Records from a collection:
┄┄┄┄┄┄
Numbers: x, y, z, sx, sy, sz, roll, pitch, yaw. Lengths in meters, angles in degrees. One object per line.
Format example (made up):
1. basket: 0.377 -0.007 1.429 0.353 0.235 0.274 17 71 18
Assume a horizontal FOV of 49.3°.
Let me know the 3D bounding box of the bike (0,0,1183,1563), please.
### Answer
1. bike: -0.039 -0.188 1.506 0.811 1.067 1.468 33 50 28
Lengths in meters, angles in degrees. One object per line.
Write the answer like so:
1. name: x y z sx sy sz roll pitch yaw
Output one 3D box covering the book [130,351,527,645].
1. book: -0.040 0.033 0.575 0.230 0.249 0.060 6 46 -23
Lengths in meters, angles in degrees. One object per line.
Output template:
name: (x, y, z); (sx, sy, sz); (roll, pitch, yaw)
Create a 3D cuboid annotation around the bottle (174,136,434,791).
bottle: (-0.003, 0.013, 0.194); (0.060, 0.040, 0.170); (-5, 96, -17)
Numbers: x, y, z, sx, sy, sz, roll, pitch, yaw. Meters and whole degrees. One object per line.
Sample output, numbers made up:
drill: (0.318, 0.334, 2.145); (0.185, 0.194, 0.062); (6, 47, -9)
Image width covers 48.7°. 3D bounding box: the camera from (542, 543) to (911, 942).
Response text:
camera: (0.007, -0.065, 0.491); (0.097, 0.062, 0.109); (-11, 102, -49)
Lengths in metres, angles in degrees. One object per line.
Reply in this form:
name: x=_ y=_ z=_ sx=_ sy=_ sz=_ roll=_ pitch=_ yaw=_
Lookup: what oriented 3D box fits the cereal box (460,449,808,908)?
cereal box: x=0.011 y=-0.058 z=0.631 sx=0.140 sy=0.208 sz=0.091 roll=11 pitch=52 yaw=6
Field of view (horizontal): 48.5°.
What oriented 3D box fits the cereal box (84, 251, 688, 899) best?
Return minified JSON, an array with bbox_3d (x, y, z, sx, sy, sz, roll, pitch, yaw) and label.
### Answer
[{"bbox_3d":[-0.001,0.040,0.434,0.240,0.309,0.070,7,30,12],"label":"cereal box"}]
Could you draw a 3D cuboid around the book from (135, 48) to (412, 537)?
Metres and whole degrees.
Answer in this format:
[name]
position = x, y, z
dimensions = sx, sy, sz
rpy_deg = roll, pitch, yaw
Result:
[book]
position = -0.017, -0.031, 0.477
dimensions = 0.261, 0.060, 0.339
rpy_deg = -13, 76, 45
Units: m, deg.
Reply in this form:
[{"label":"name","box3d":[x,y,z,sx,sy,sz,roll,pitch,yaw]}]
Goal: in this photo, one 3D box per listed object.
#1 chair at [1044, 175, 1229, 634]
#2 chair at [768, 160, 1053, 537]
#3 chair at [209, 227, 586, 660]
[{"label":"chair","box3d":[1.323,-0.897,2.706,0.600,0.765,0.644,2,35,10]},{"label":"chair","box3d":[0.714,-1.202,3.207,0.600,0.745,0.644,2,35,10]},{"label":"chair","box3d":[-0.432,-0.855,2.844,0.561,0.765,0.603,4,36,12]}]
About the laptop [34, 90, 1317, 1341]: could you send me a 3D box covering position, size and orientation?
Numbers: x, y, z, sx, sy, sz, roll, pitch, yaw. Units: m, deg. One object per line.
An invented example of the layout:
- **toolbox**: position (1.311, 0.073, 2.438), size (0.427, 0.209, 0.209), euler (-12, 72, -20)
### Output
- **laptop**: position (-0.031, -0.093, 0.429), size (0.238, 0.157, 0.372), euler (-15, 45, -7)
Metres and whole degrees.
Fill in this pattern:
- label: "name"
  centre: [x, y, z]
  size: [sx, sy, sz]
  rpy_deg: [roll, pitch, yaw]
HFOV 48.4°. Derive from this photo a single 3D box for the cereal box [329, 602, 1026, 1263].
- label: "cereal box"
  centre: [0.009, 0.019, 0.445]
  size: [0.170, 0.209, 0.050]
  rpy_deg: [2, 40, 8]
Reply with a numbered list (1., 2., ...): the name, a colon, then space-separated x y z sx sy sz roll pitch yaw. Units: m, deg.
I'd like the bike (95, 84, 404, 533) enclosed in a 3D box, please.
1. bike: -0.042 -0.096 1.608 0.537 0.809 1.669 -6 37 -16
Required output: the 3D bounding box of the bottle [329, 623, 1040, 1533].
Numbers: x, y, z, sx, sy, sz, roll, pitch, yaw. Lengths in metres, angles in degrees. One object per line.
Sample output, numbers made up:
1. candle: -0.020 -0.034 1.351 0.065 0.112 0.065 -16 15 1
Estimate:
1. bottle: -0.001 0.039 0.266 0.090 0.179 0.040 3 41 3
┄┄┄┄┄┄
TASK TO COMPLETE
Having read the entries above, repeat them exactly.

YOUR SOLUTION
Numbers: x, y, z, sx, sy, sz, roll, pitch, yaw. Lengths in meters, angles in degrees. One object per line.
Format example (made up):
1. basket: 0.377 -0.007 1.429 0.353 0.235 0.274 17 71 18
Assume a horizontal FOV of 49.3°.
Let me know the 3D bounding box of the bike (0,0,1183,1563), please.
### Answer
1. bike: -0.039 -0.188 1.506 0.811 1.067 1.468 33 50 28
Lengths in meters, angles in degrees. One object per line.
Write the answer like so:
1. name: x y z sx sy sz roll pitch yaw
Output one 3D box covering the book [130,351,527,645].
1. book: -0.040 0.033 0.575 0.230 0.249 0.060 6 46 -23
Lengths in meters, angles in degrees. One object per line.
Output template:
name: (x, y, z); (sx, sy, sz); (roll, pitch, yaw)
Create a 3D cuboid annotation around the bottle (174,136,434,791).
bottle: (-0.003, 0.013, 0.194); (0.060, 0.040, 0.170); (-5, 96, -17)
Numbers: x, y, z, sx, sy, sz, roll, pitch, yaw. Meters and whole degrees. One object per line.
Sample output, numbers made up:
drill: (0.318, 0.334, 2.145); (0.185, 0.194, 0.062); (6, 47, -9)
Image width covers 48.7°. 3D bounding box: the camera from (542, 543) to (911, 942).
Response text:
camera: (0.007, -0.065, 0.491); (0.097, 0.062, 0.109); (-11, 102, -49)
Lengths in metres, angles in degrees. One object per line.
Reply in this form:
name: x=_ y=_ z=_ sx=_ sy=_ sz=_ roll=_ pitch=_ yaw=_
Lookup: what oriented 3D box fits the cereal box (460,449,808,908)?
cereal box: x=0.011 y=-0.058 z=0.631 sx=0.140 sy=0.208 sz=0.091 roll=11 pitch=52 yaw=6
Field of view (horizontal): 48.5°.
What oriented 3D box fits the cereal box (84, 251, 688, 899) best?
Return minified JSON, an array with bbox_3d (x, y, z, sx, sy, sz, roll, pitch, yaw) and label.
### Answer
[{"bbox_3d":[-0.001,0.040,0.434,0.240,0.309,0.070,7,30,12],"label":"cereal box"}]
Could you draw a 3D cuboid around the book from (135, 48) to (412, 537)?
Metres and whole degrees.
Answer in this format:
[name]
position = x, y, z
dimensions = sx, sy, sz
rpy_deg = roll, pitch, yaw
Result:
[book]
position = -0.017, -0.031, 0.477
dimensions = 0.261, 0.060, 0.339
rpy_deg = -13, 76, 45
Units: m, deg.
Reply in this form:
[{"label":"name","box3d":[x,y,z,sx,sy,sz,roll,pitch,yaw]}]
Goal: in this photo, one 3D box per listed object.
#1 chair at [1044, 175, 1229, 634]
#2 chair at [768, 160, 1053, 537]
#3 chair at [209, 227, 586, 660]
[{"label":"chair","box3d":[1.323,-0.897,2.706,0.600,0.765,0.644,2,35,10]},{"label":"chair","box3d":[0.714,-1.202,3.207,0.600,0.745,0.644,2,35,10]},{"label":"chair","box3d":[-0.432,-0.855,2.844,0.561,0.765,0.603,4,36,12]}]
About the laptop [34, 90, 1317, 1341]: could you send me a 3D box covering position, size and orientation?
Numbers: x, y, z, sx, sy, sz, roll, pitch, yaw. Units: m, deg. One object per line.
An invented example of the layout:
- **toolbox**: position (1.311, 0.073, 2.438), size (0.427, 0.209, 0.209), euler (-12, 72, -20)
### Output
- **laptop**: position (-0.031, -0.093, 0.429), size (0.238, 0.157, 0.372), euler (-15, 45, -7)
Metres and whole degrees.
Fill in this pattern:
- label: "name"
  centre: [x, y, z]
  size: [sx, sy, sz]
  rpy_deg: [roll, pitch, yaw]
HFOV 48.4°. Derive from this photo a single 3D box for the cereal box [329, 602, 1026, 1263].
- label: "cereal box"
  centre: [0.009, 0.019, 0.445]
  size: [0.170, 0.209, 0.050]
  rpy_deg: [2, 40, 8]
Reply with a numbered list (1., 2., ...): the name, a colon, then space-separated x y z sx sy sz roll pitch yaw. Units: m, deg.
I'd like the bike (95, 84, 404, 533) enclosed in a 3D box, please.
1. bike: -0.042 -0.096 1.608 0.537 0.809 1.669 -6 37 -16
Required output: the 3D bounding box of the bottle [329, 623, 1040, 1533].
Numbers: x, y, z, sx, sy, sz, roll, pitch, yaw. Lengths in metres, angles in degrees. One object per line.
Sample output, numbers made up:
1. candle: -0.020 -0.034 1.351 0.065 0.112 0.065 -16 15 1
Estimate:
1. bottle: -0.001 0.039 0.266 0.090 0.179 0.040 3 41 3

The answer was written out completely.